BEGIN

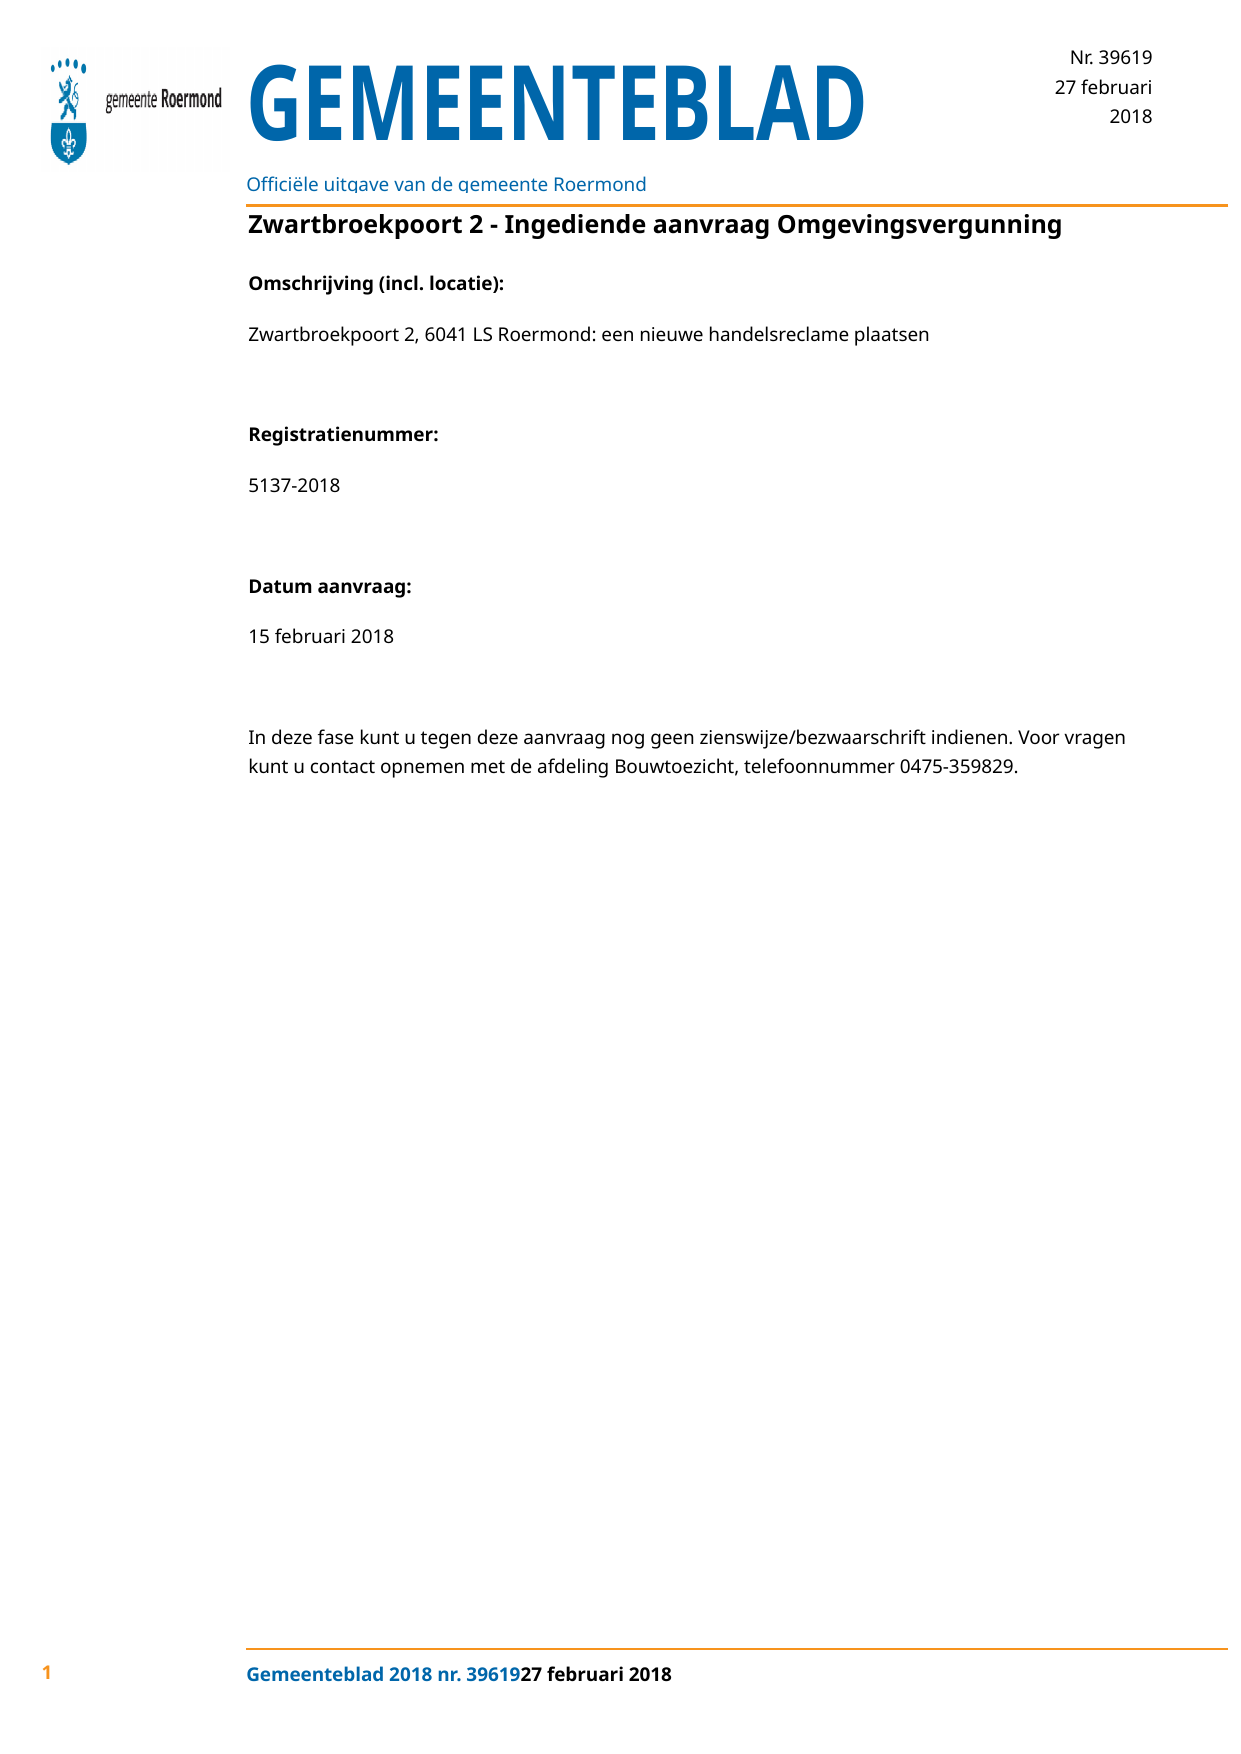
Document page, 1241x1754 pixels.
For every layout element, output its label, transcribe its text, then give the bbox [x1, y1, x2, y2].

text Omschrijving (incl. locatie): [248, 270, 1152, 296]
text Datum aanvraag: [248, 573, 1152, 598]
text 5137-2018 [248, 472, 1152, 498]
picture [41, 47, 231, 172]
text Registratienummer: [248, 422, 1152, 447]
text In deze fase kunt u tegen deze aanvraag nog geen zienswijze/bezwaarschrift indienen. Voor vragen kunt u contact opnemen met de afdeling Bouwtoezicht, telefoonnummer 0475-359829. [248, 724, 1152, 779]
text Zwartbroekpoort 2, 6041 LS Roermond: een nieuwe handelsreclame plaatsen [248, 321, 1152, 346]
text Zwartbroekpoort 2 - Ingediende aanvraag Omgevingsvergunning [248, 207, 1152, 241]
text 15 februari 2018 [248, 623, 1152, 649]

END

# YOUR OBJECTIVE
Exclude every picture and copy the remaining data exactly.

# TASK RESPONSE
Document page, 1241x1754 pixels.
For every layout element, output its label, transcribe its text, then give the bbox [x1, y1, x2, y2].

text Omschrijving (incl. locatie): [248, 270, 1152, 296]
text Datum aanvraag: [248, 573, 1152, 598]
text 5137-2018 [248, 472, 1152, 498]
picture [41, 47, 231, 172]
text Registratienummer: [248, 422, 1152, 447]
text In deze fase kunt u tegen deze aanvraag nog geen zienswijze/bezwaarschrift indienen. Voor vragen kunt u contact opnemen met de afdeling Bouwtoezicht, telefoonnummer 0475-359829. [248, 724, 1152, 779]
text Zwartbroekpoort 2, 6041 LS Roermond: een nieuwe handelsreclame plaatsen [248, 321, 1152, 346]
text Zwartbroekpoort 2 - Ingediende aanvraag Omgevingsvergunning [248, 207, 1152, 241]
text 15 februari 2018 [248, 623, 1152, 649]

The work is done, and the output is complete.